## Work item
The output must match the lines from the first line of the listing below through the line holding "def install" exactly and must contain no pictures.

* * * *

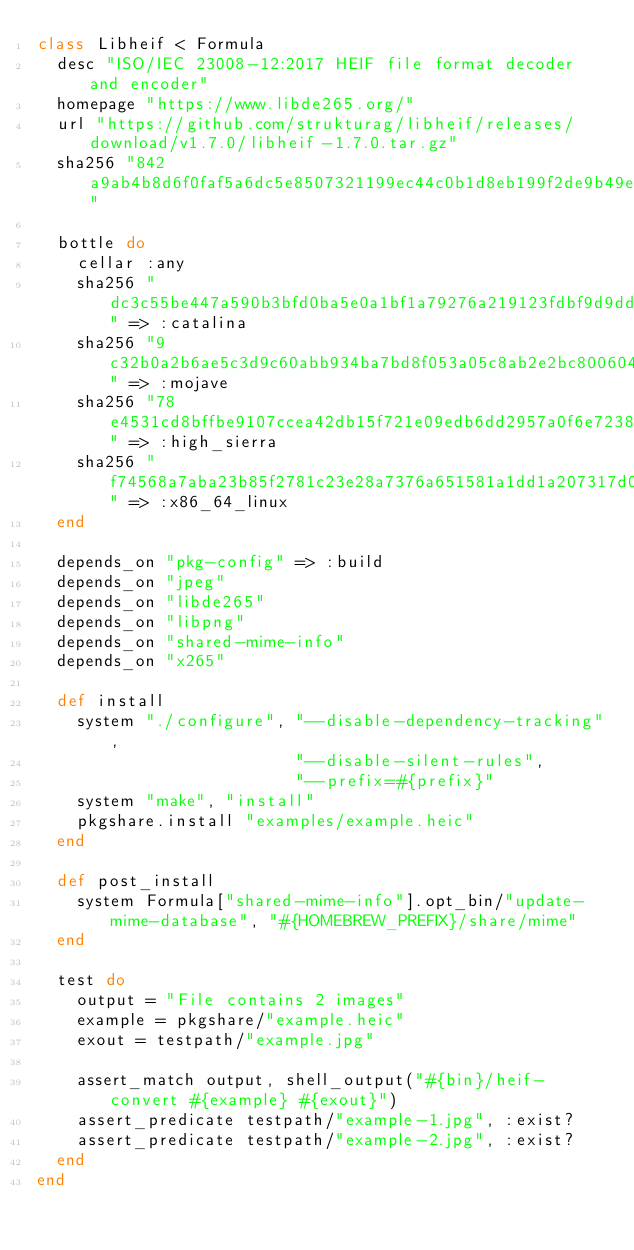Convert code to text. <code><loc_0><loc_0><loc_500><loc_500><_Ruby_>class Libheif < Formula
  desc "ISO/IEC 23008-12:2017 HEIF file format decoder and encoder"
  homepage "https://www.libde265.org/"
  url "https://github.com/strukturag/libheif/releases/download/v1.7.0/libheif-1.7.0.tar.gz"
  sha256 "842a9ab4b8d6f0faf5a6dc5e8507321199ec44c0b1d8eb199f2de9b49e2db092"

  bottle do
    cellar :any
    sha256 "dc3c55be447a590b3bfd0ba5e0a1bf1a79276a219123fdbf9d9dda5995a95de0" => :catalina
    sha256 "9c32b0a2b6ae5c3d9c60abb934ba7bd8f053a05c8ab2e2bc800604dee7ae227b" => :mojave
    sha256 "78e4531cd8bffbe9107ccea42db15f721e09edb6dd2957a0f6e723824415c456" => :high_sierra
    sha256 "f74568a7aba23b85f2781c23e28a7376a651581a1dd1a207317d0edc359bc59e" => :x86_64_linux
  end

  depends_on "pkg-config" => :build
  depends_on "jpeg"
  depends_on "libde265"
  depends_on "libpng"
  depends_on "shared-mime-info"
  depends_on "x265"

  def install
    system "./configure", "--disable-dependency-tracking",
                          "--disable-silent-rules",
                          "--prefix=#{prefix}"
    system "make", "install"
    pkgshare.install "examples/example.heic"
  end

  def post_install
    system Formula["shared-mime-info"].opt_bin/"update-mime-database", "#{HOMEBREW_PREFIX}/share/mime"
  end

  test do
    output = "File contains 2 images"
    example = pkgshare/"example.heic"
    exout = testpath/"example.jpg"

    assert_match output, shell_output("#{bin}/heif-convert #{example} #{exout}")
    assert_predicate testpath/"example-1.jpg", :exist?
    assert_predicate testpath/"example-2.jpg", :exist?
  end
end
</code> 
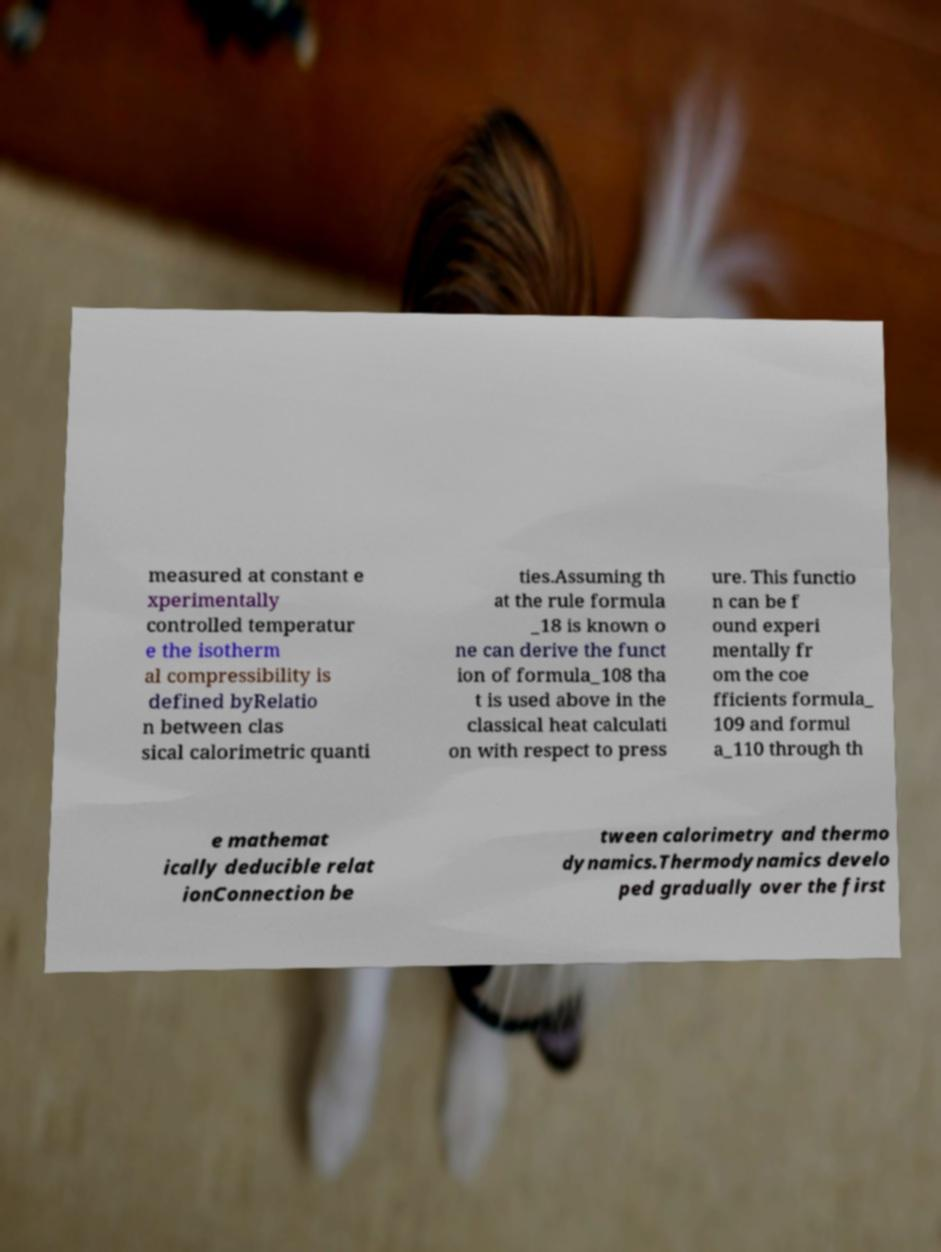I need the written content from this picture converted into text. Can you do that? measured at constant e xperimentally controlled temperatur e the isotherm al compressibility is defined byRelatio n between clas sical calorimetric quanti ties.Assuming th at the rule formula _18 is known o ne can derive the funct ion of formula_108 tha t is used above in the classical heat calculati on with respect to press ure. This functio n can be f ound experi mentally fr om the coe fficients formula_ 109 and formul a_110 through th e mathemat ically deducible relat ionConnection be tween calorimetry and thermo dynamics.Thermodynamics develo ped gradually over the first

* * * *

## Your response
Convert code to text. <code><loc_0><loc_0><loc_500><loc_500><_Ruby_>class Libheif < Formula
  desc "ISO/IEC 23008-12:2017 HEIF file format decoder and encoder"
  homepage "https://www.libde265.org/"
  url "https://github.com/strukturag/libheif/releases/download/v1.7.0/libheif-1.7.0.tar.gz"
  sha256 "842a9ab4b8d6f0faf5a6dc5e8507321199ec44c0b1d8eb199f2de9b49e2db092"

  bottle do
    cellar :any
    sha256 "dc3c55be447a590b3bfd0ba5e0a1bf1a79276a219123fdbf9d9dda5995a95de0" => :catalina
    sha256 "9c32b0a2b6ae5c3d9c60abb934ba7bd8f053a05c8ab2e2bc800604dee7ae227b" => :mojave
    sha256 "78e4531cd8bffbe9107ccea42db15f721e09edb6dd2957a0f6e723824415c456" => :high_sierra
    sha256 "f74568a7aba23b85f2781c23e28a7376a651581a1dd1a207317d0edc359bc59e" => :x86_64_linux
  end

  depends_on "pkg-config" => :build
  depends_on "jpeg"
  depends_on "libde265"
  depends_on "libpng"
  depends_on "shared-mime-info"
  depends_on "x265"

  def install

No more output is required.